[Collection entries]
************

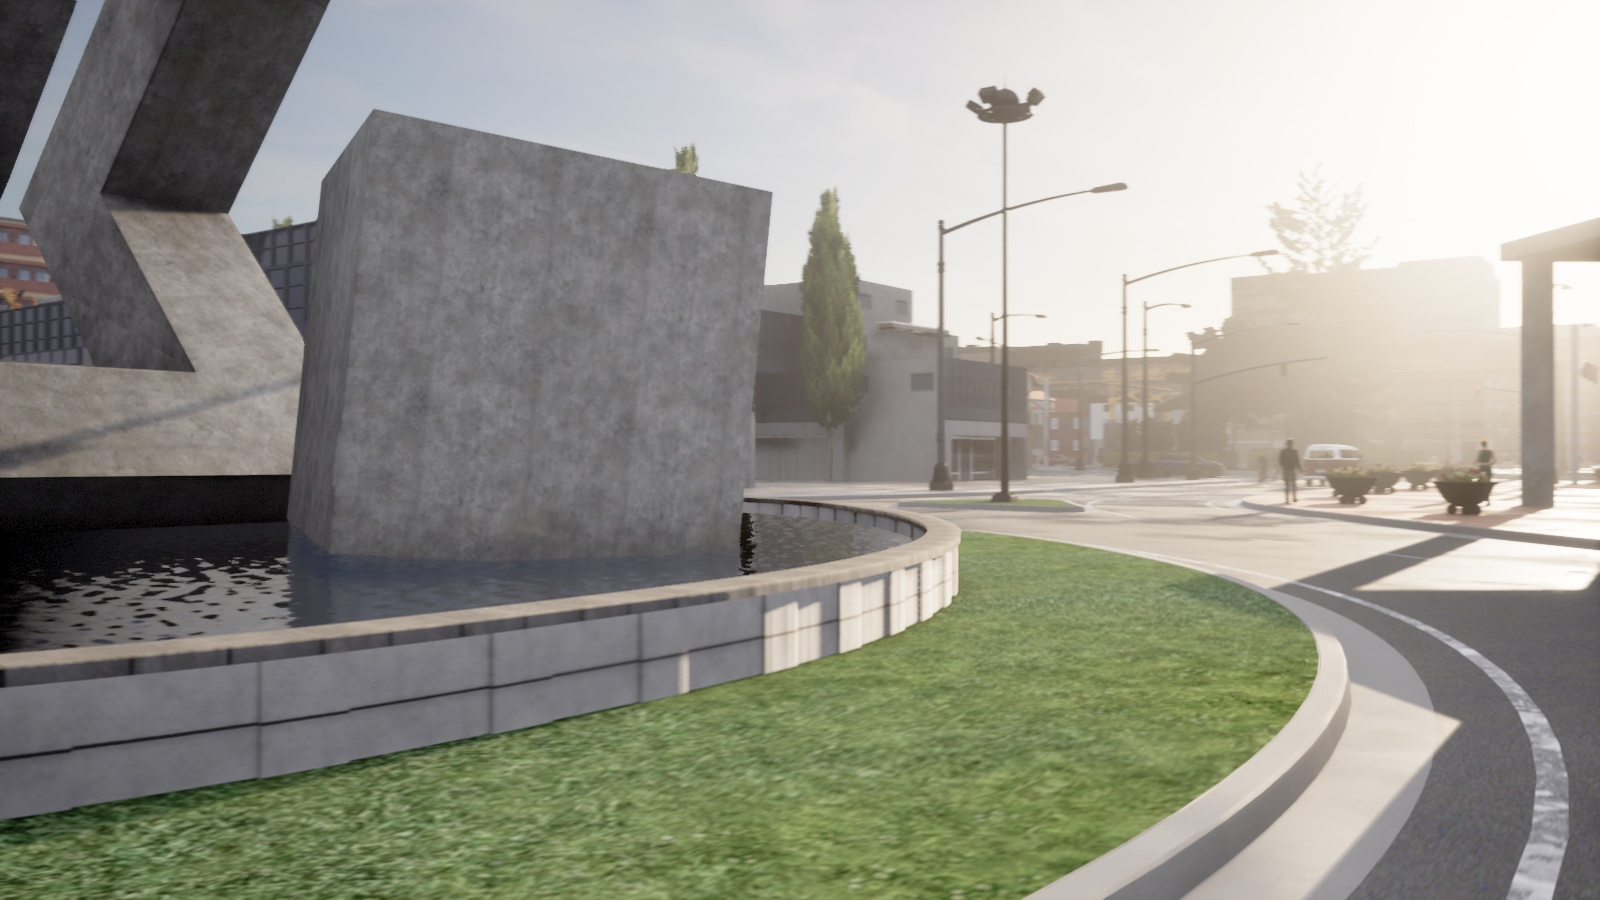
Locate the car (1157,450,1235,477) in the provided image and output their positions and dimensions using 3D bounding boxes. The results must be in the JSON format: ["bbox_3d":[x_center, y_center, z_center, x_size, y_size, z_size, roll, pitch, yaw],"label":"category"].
[{"bbox_3d":[26.180,0.862,83.089,4.553,1.767,2.097,0,0,31],"label":"car"}]

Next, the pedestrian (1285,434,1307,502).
[{"bbox_3d":[13.553,0.495,34.317,0.431,1.840,0.703,0,0,11],"label":"pedestrian"}]

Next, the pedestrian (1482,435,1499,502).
[{"bbox_3d":[18.976,0.500,34.495,0.345,1.836,0.594,0,0,24],"label":"pedestrian"}]

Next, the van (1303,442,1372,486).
[{"bbox_3d":[25.955,0.635,60.567,2.069,2.038,4.480,0,0,37],"label":"van"}]
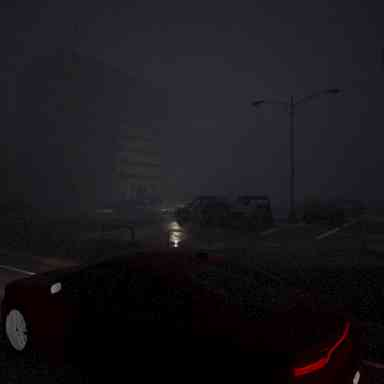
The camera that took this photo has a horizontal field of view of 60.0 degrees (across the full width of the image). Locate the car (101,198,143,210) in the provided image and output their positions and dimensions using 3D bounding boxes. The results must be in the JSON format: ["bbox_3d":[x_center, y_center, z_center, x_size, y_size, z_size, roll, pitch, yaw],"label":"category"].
[{"bbox_3d":[-9.291,1.547,43.529,2.033,1.411,5.357,0,0,34],"label":"car"}]

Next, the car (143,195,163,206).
[{"bbox_3d":[-6.659,1.352,53.703,2.097,1.767,4.553,0,0,34],"label":"car"}]

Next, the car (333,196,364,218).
[{"bbox_3d":[15.288,1.395,32.049,1.970,1.475,3.806,0,0,34],"label":"car"}]

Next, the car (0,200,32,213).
[{"bbox_3d":[-19.280,1.526,34.876,1.812,1.442,4.674,0,0,34],"label":"car"}]

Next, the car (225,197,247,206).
[{"bbox_3d":[7.371,1.526,55.460,1.812,1.442,4.674,0,0,34],"label":"car"}]

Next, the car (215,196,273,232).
[{"bbox_3d":[3.270,1.156,19.088,1.905,1.878,3.866,0,0,34],"label":"car"}]

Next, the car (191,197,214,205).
[{"bbox_3d":[1.896,1.613,60.043,1.895,1.301,4.718,0,0,34],"label":"car"}]

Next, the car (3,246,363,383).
[{"bbox_3d":[-0.565,1.478,4.390,5.008,1.535,1.882,0,0,35],"label":"car"}]

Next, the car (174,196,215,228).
[{"bbox_3d":[0.902,1.153,20.753,1.932,1.855,4.605,0,0,34],"label":"car"}]

************

### TRY IT
All the lines above need to be repeated exactly, with no pictures carried over.

### EXERCISE RESPONSE
Locate the car (1157,450,1235,477) in the provided image and output their positions and dimensions using 3D bounding boxes. The results must be in the JSON format: ["bbox_3d":[x_center, y_center, z_center, x_size, y_size, z_size, roll, pitch, yaw],"label":"category"].
[{"bbox_3d":[26.180,0.862,83.089,4.553,1.767,2.097,0,0,31],"label":"car"}]

Next, the pedestrian (1285,434,1307,502).
[{"bbox_3d":[13.553,0.495,34.317,0.431,1.840,0.703,0,0,11],"label":"pedestrian"}]

Next, the pedestrian (1482,435,1499,502).
[{"bbox_3d":[18.976,0.500,34.495,0.345,1.836,0.594,0,0,24],"label":"pedestrian"}]

Next, the van (1303,442,1372,486).
[{"bbox_3d":[25.955,0.635,60.567,2.069,2.038,4.480,0,0,37],"label":"van"}]
The camera that took this photo has a horizontal field of view of 60.0 degrees (across the full width of the image). Locate the car (101,198,143,210) in the provided image and output their positions and dimensions using 3D bounding boxes. The results must be in the JSON format: ["bbox_3d":[x_center, y_center, z_center, x_size, y_size, z_size, roll, pitch, yaw],"label":"category"].
[{"bbox_3d":[-9.291,1.547,43.529,2.033,1.411,5.357,0,0,34],"label":"car"}]

Next, the car (143,195,163,206).
[{"bbox_3d":[-6.659,1.352,53.703,2.097,1.767,4.553,0,0,34],"label":"car"}]

Next, the car (333,196,364,218).
[{"bbox_3d":[15.288,1.395,32.049,1.970,1.475,3.806,0,0,34],"label":"car"}]

Next, the car (0,200,32,213).
[{"bbox_3d":[-19.280,1.526,34.876,1.812,1.442,4.674,0,0,34],"label":"car"}]

Next, the car (225,197,247,206).
[{"bbox_3d":[7.371,1.526,55.460,1.812,1.442,4.674,0,0,34],"label":"car"}]

Next, the car (215,196,273,232).
[{"bbox_3d":[3.270,1.156,19.088,1.905,1.878,3.866,0,0,34],"label":"car"}]

Next, the car (191,197,214,205).
[{"bbox_3d":[1.896,1.613,60.043,1.895,1.301,4.718,0,0,34],"label":"car"}]

Next, the car (3,246,363,383).
[{"bbox_3d":[-0.565,1.478,4.390,5.008,1.535,1.882,0,0,35],"label":"car"}]

Next, the car (174,196,215,228).
[{"bbox_3d":[0.902,1.153,20.753,1.932,1.855,4.605,0,0,34],"label":"car"}]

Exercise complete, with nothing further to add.